DiscussãoPara alcançar a CSVD, os cateteres convencionais têm de efetuar dois curvaturas, uma entre a aurícula direita e a câmara de entrada do ventrículo direito e a segunda entre a câmara de entrada e câmara de saída. Esta dupla curvatura imposta ao cateter de ablação torna a sua manipulação difícil, o que impede um mapeamento rápido e preciso.
O sistema de navegação por controlo remoto SNM (Stereotaxis) possibilita que o cateter de ablação ultrapasse várias curvas dentro das câmaras cardíacas e, ainda assim, manter a capacidade de mover a sua ponta em qualquer direção escolhida, permitindo uma precisão e facilidade de mapeamento impossível com um cateter convencional14. Com o SNM, o cateter de ablação pode ser facilmente colocado em qualquer local da CSVD ou CSVE sem o auxílio de bainhas longas e com uma melhor estabilidade, conforme previamente demonstrado15.
As opções de mapeamento automático (Auto-Map) na estação de trabalho Navigant e a possibilidade de renavegar o cateter para locais previamente mapeados, com o auxílio dos vetores magnéticos anteriormente guardados sem necessidade de fluoroscopia, permite reduzir o tempo de fluoroscopia. O tempo de fluoroscopia de 10±7,8min obtido com este método é muito inferior ao obtido noutros estudos com ablação convencional utilizando sistemas de mapeamento tridimensional (45,9±17,9min)16 ou mapeamento com cateteres multielétrodo (49,7±26,3min)17. Um estudo comparativo entre a ablação convencional e a ablação com SNM de vários tipos de arritmia, incluindo ablação de TV, mostrou uma redução significativa do tempo de fluoroscopia com o SNM (30±20 versus 35±25min, p<0,01)13.

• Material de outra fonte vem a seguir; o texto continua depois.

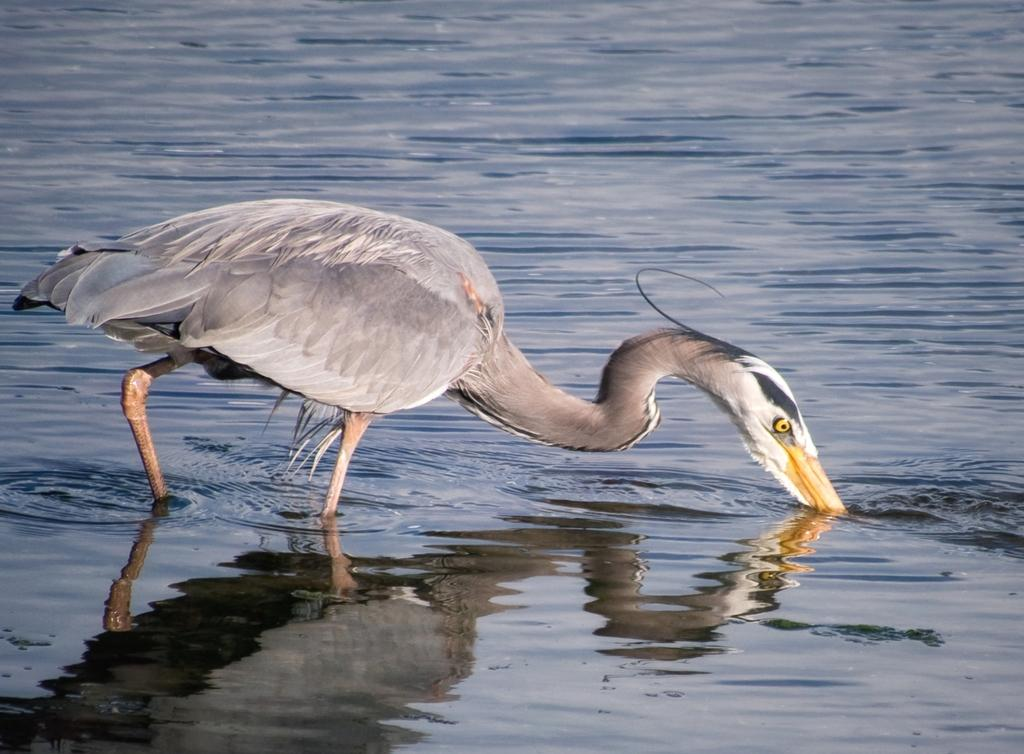What is the main subject of the image? The main subject of the image is a crane. Where is the crane located in the image? The crane is in the water. What are some features of the crane? The crane has an eye, a beak, and feathers. What type of care does the governor provide for the crane in the image? There is no governor present in the image, and therefore no care can be provided by a governor.

Um estudo prévio de ablação de TV com SNM reportou um tempo de fluoroscopia inferior ao da nossa série, (7,5±4,3min); no entanto, esse estudo não incluiu ablação na CSVE ou ablação epicárdica9.
A manipulação de cateteres em estruturas como a CSVE ou CSVE acarreta um risco de perfuração cardiaca4,5. A flexibilidade do cateter do SNM, aliada à sua ponta mole, leva a uma redução da força aplicada ao endocárdio quando comparado com o cateter convencional18, o que pode justificar a ausência de complicações reportada no nosso estudo e em estudos prévios9–13.
LimitaçõesO presente estudo é um estudo não aleatorizado e incluiu um número reduzido de doentes. Não foram comparados os tempos de procedimento e de fluoroscopia ou a eficácia do procedimento com a ablação convencional.
ConclusãoNo nosso grupo de doentes, o mapeamento e a ablação das arritmias com origem nas câmaras de saída foi eficaz e segura com tempos de fluoroscopia reduzidos e sem complicações.
Responsabilidades éticasProteção de pessoas e animaisOs autores declaram que para esta investigação não se realizaram experiências em seres humanos e/ou animais.
Confidencialidade dos dadosOs autores declaram ter seguido os protocolos de seu centro de trabalho acerca da publicação dos dados de pacientes e que todos os pacientes incluídos no estudo receberam informações suficientes e deram o seu consentimento informado por escrito para participar nesse estudo.
Direito à privacidade e consentimento escritoOs autores declaram ter recebido consentimento escrito dos pacientes e/ou sujeitos mencionados no artigo. O autor para correspondência deve estar na posse deste documento.
Conflito de interessesNão existem conflitos de interesses.